#### [What is being asked]
Include in the output the line containing "- motorcyclist on a motorcycle <box>960,421,1038,473</box>" and each subsequent line of the records, through the end, transcribed exactly. Add nothing else.

***

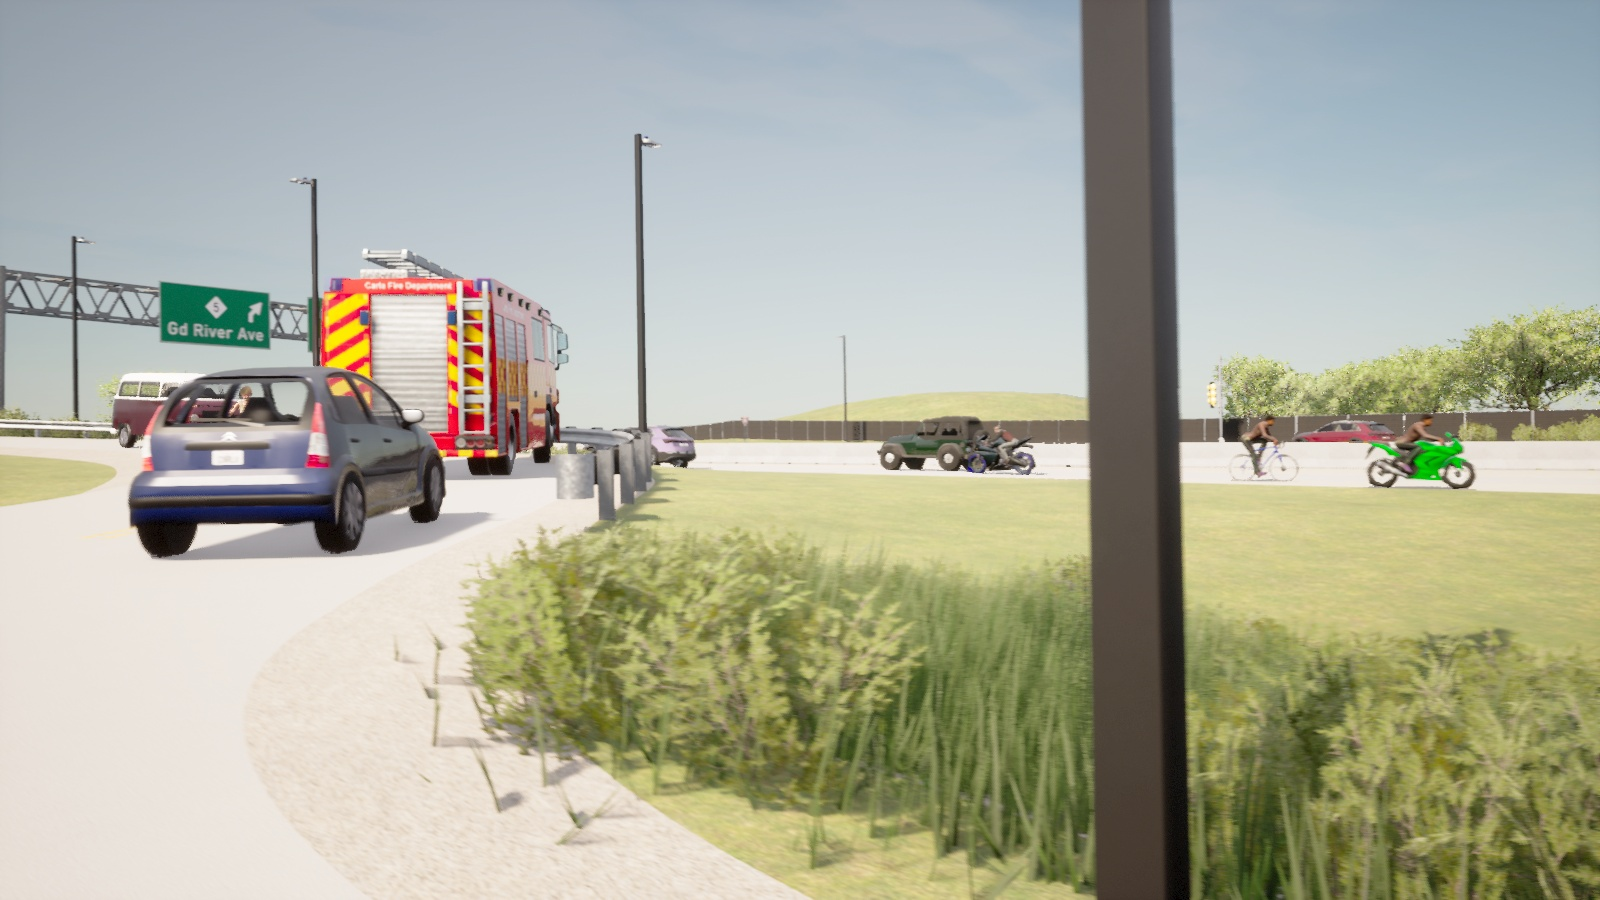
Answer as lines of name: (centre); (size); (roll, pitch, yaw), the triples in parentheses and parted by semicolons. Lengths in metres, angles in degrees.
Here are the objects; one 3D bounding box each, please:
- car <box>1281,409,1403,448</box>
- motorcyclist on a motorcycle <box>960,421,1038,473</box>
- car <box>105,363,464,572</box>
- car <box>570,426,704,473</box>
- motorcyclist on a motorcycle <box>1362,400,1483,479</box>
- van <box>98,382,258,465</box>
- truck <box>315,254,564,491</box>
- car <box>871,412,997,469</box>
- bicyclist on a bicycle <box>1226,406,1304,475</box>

***

#### [Output of the task]
- motorcyclist on a motorcycle <box>960,421,1038,473</box>
- car <box>105,363,464,572</box>
- car <box>570,426,704,473</box>
- motorcyclist on a motorcycle <box>1362,400,1483,479</box>
- van <box>98,382,258,465</box>
- truck <box>315,254,564,491</box>
- car <box>871,412,997,469</box>
- bicyclist on a bicycle <box>1226,406,1304,475</box>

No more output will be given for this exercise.